Get What You Give here

Braids Photo Credit Ariana Molly
Braids
Photo Credit Ariana Molly

Montreal based artrockers Braids are thrilled to start 2021 with a brand-new “Young Buck” remix from renowned New York-based DJ Python. The lead single from their most recent album Shadow Offering was widely praised by fans and media when it was released a year ago. DJ Python’s take on the track is hypnotic, throbbing and intoxicating. Electronic modulations of Raphaelle’s voice project the listener to an out of comfort, new dimension where Braids is suddenly dominating the dance floor. Amid this year-long pandemic struggle, it is time to reclaim dancing and expressing ourselves. 

“Upon receiving DJ Python’s remix of our track Young Buck, my pining for the dance floor kicked in, I pulled my car over to an empty parking lot and turned the volume up as far as it could go. Alone beside

the concrete barriers of a now desolate shopping mall, I was reminded of bodies beside bodies, of a night that you never want to end, of sweat, of joy. For a moment I was transported from my new and uncomfortable reality: distanced, living through a pandemic, to memories streaming behind my closed eyes, of a life lived prior, and one that will be lived again.

“This track offers the fuel needed to keep going, the energy needed to stay hopeful. When I close my eyes and dance to it in my living room, I am at the club and the club is with me, “ sez the trio.

Braids most recent album Shadow Offering co-produced by Chris Walla, is out now via Secret City Records. A luscious and expansive release, Shadow Offering leads us through an interwoven tapestry of narrative.

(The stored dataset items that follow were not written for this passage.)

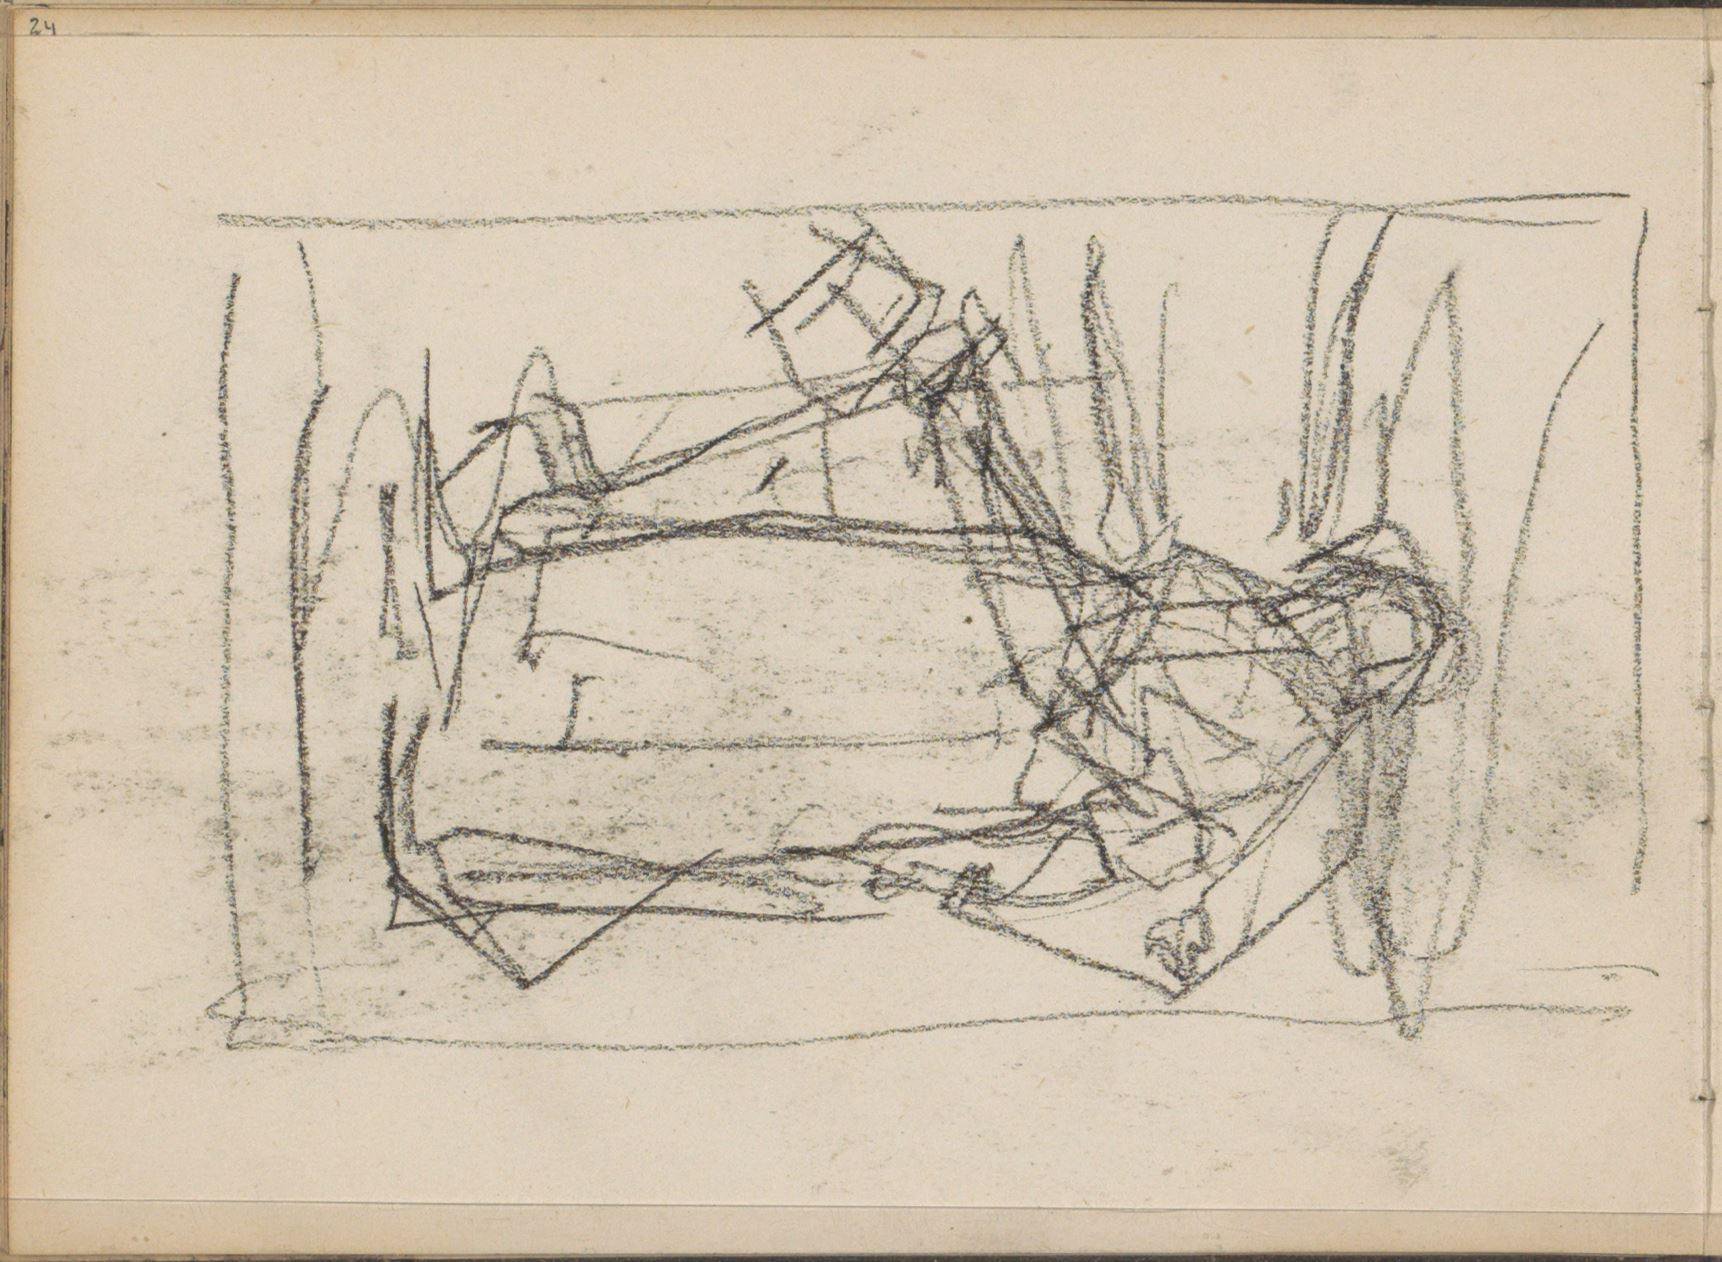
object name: sketchbook leaf
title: Staande figuur
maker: marius bauer
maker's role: draughtsman, print maker
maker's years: 1867-1932
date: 1877-1932
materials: chalk, paper
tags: standing figure
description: Pagina 24 uit een schetsboek met 32 bladen.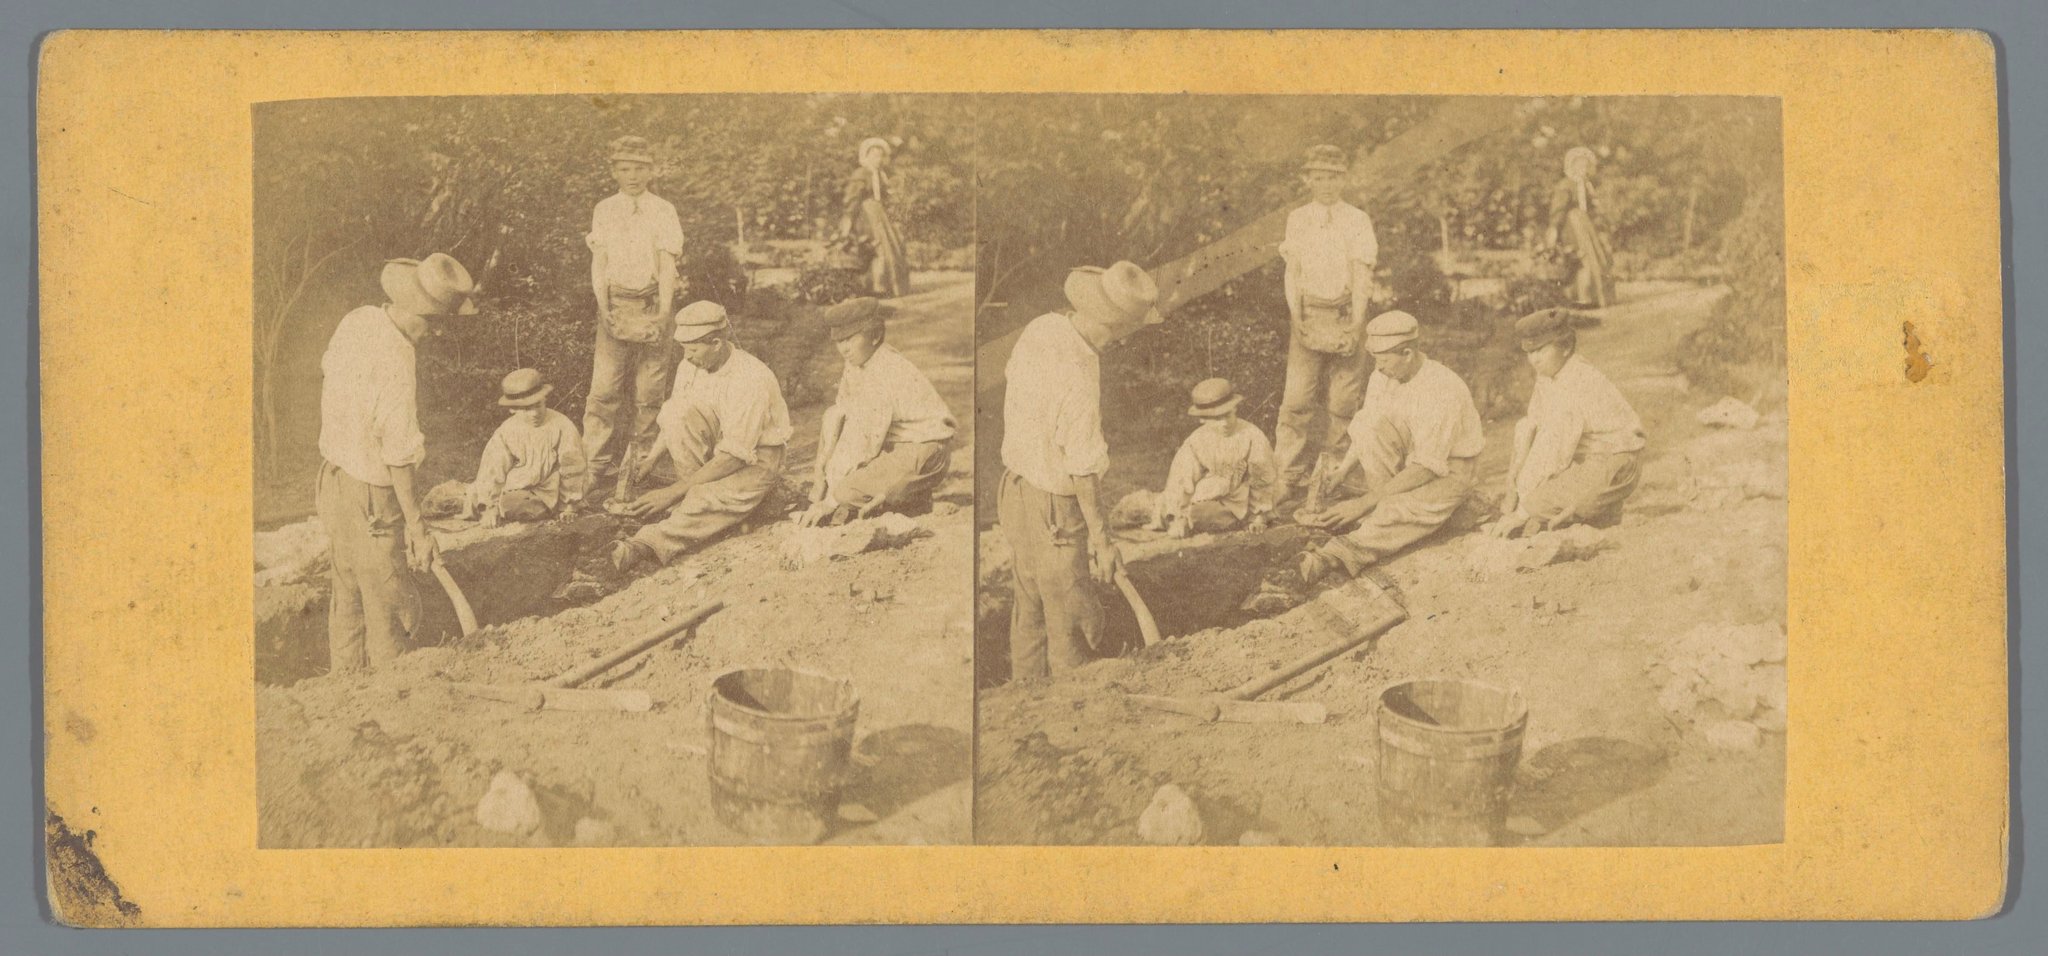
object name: stereograph
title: Mannen en jongens graven in een tuin
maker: Anonymous
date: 1850-1880
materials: cardboard, photographic support
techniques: albumen print
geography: europe
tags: digging (industrial process), europe
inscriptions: number: ‘40377’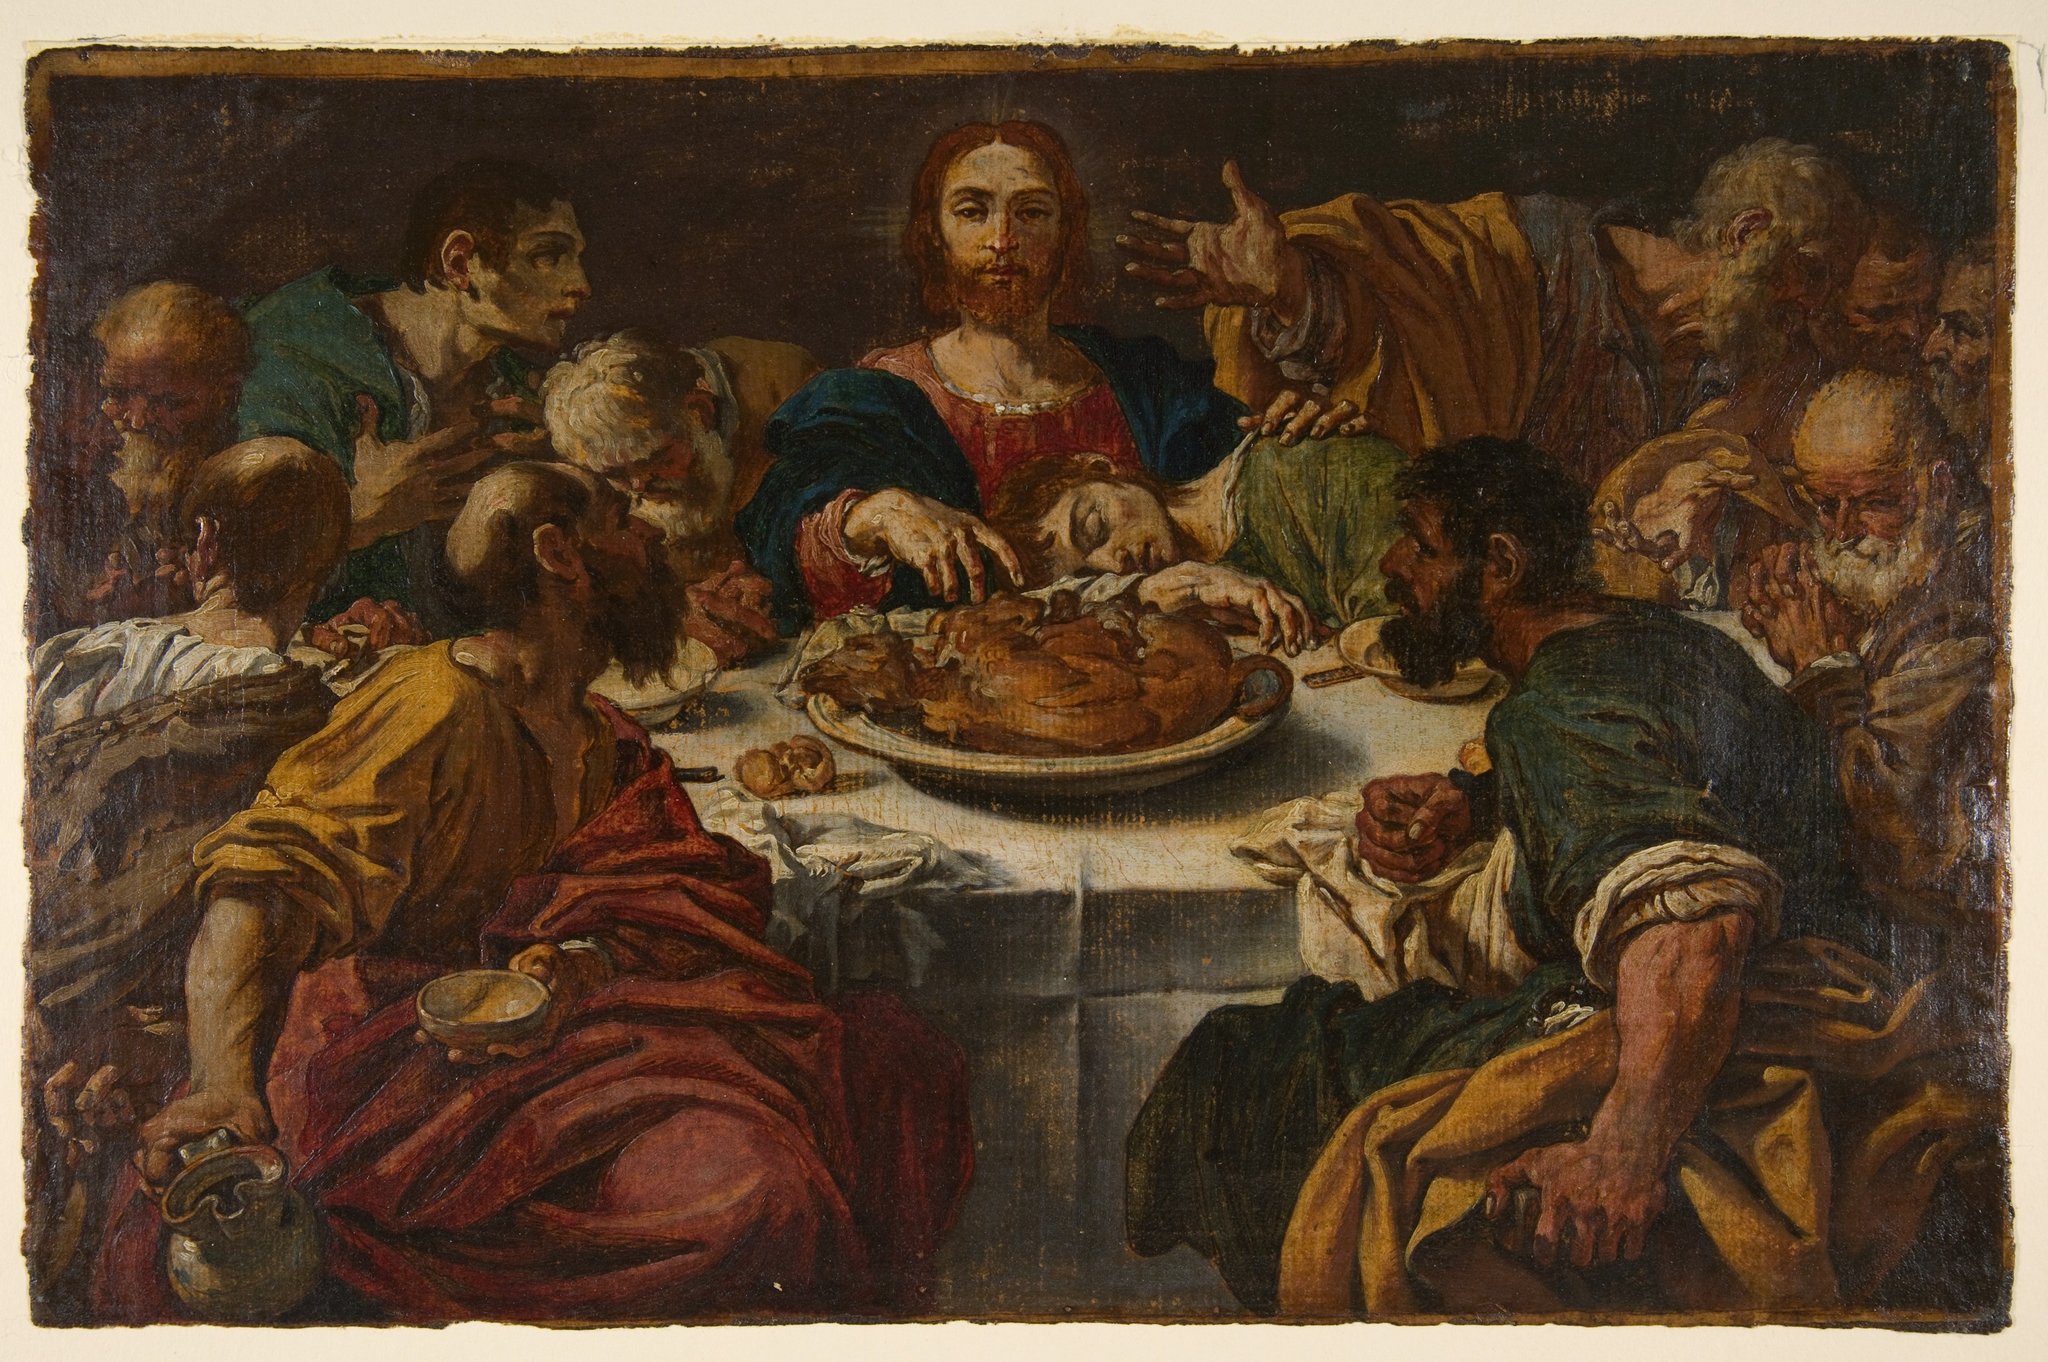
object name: drawing
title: The Last Supper
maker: bartolomeo schedoni
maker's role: artist
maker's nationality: italian
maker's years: 1578-1615
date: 1578-1615
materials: canvas, oil, paper
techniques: brush
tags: food,jesus,last supper

With heartfelt honesty and precision, Braids conjure a nuanced and complicated world: one full of beautiful contradictions. Very much like the real thing, minus the physical pain. Braids currently consists of Raphaelle Standell-Preston, Austin Tufts and Taylor Smith and they’ve been together as a musical unit since high school in Calgary. The sound employs lush electronics, layered, at times over the top vocals, delicate piano pieces and badass drumming. There is a beauty here that is at once manipulative and authentic but I’m gonna forgive them in the context of this most ambitious outing.